**Prompt:** What you need to produce from the material below is an exact transcription of the lines from the one with "For every layout" through the one with "text 475 straipsnis.", both included, and no other line.
Exercise inputs below:
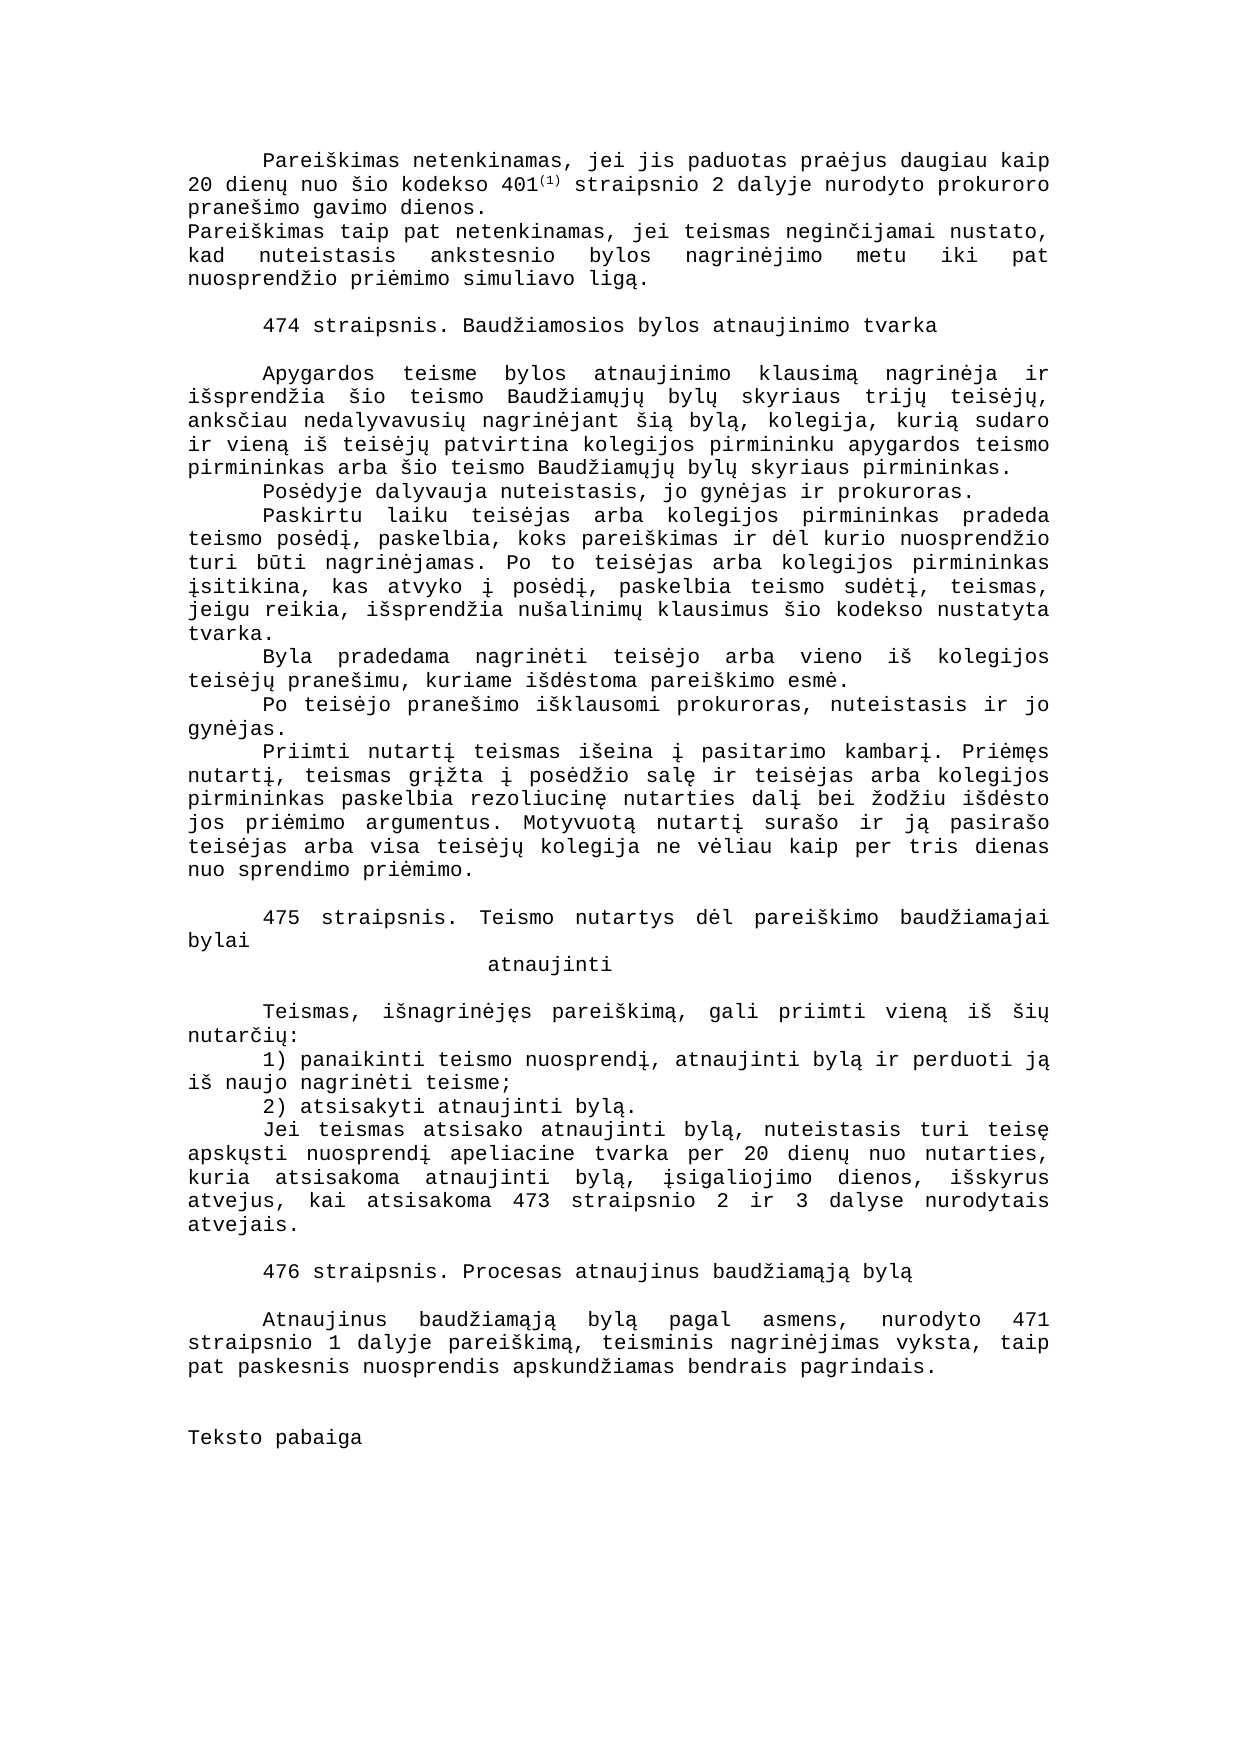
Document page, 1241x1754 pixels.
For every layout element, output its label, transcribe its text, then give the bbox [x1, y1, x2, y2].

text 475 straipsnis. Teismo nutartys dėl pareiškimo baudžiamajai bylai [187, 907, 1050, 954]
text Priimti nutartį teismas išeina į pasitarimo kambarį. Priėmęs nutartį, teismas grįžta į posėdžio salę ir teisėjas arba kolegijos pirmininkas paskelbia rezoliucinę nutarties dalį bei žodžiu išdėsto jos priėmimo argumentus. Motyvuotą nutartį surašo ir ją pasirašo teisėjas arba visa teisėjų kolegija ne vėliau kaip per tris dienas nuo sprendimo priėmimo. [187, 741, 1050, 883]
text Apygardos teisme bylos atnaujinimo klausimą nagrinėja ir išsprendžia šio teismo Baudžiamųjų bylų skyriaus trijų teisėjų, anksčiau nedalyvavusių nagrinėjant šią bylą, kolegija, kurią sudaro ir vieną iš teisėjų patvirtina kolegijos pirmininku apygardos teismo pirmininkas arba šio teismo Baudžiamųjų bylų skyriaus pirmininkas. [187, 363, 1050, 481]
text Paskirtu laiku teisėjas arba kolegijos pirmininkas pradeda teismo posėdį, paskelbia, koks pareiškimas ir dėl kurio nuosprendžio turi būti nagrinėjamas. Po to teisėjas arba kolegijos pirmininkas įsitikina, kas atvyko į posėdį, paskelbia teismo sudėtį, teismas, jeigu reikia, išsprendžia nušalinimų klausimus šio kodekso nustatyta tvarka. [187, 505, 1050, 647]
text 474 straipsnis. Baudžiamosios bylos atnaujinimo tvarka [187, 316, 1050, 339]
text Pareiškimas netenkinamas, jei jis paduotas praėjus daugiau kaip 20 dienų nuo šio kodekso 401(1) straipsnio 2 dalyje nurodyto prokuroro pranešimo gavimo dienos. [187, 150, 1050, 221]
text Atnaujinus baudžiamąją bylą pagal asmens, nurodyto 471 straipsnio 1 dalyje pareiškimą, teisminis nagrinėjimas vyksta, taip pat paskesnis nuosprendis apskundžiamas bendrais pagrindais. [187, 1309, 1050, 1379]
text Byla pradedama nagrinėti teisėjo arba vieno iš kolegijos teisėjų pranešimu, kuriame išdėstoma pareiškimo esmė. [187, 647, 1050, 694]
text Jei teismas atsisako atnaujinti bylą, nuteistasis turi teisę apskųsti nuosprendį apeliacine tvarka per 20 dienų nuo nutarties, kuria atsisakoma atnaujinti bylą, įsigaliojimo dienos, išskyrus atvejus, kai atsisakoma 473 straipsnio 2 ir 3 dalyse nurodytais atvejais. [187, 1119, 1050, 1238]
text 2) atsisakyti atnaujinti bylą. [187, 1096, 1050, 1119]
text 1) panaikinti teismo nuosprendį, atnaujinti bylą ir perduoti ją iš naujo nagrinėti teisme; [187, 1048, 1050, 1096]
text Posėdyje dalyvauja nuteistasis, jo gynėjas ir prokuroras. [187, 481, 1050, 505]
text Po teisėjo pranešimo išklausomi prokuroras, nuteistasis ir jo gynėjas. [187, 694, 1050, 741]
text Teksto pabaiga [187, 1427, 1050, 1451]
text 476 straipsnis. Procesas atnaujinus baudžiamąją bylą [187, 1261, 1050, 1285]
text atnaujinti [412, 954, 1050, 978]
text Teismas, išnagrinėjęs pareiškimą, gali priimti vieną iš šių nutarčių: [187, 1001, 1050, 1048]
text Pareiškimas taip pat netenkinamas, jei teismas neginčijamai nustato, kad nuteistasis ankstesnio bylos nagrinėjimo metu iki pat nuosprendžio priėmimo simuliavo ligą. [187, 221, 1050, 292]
End of Exercise inputs.
**Finished task:**
For every layout element, output its label, transcribe its text, then give the bbox [x1, y1, x2, y2].

text 475 straipsnis. Teismo nutartys dėl pareiškimo baudžiamajai bylai [187, 907, 1050, 954]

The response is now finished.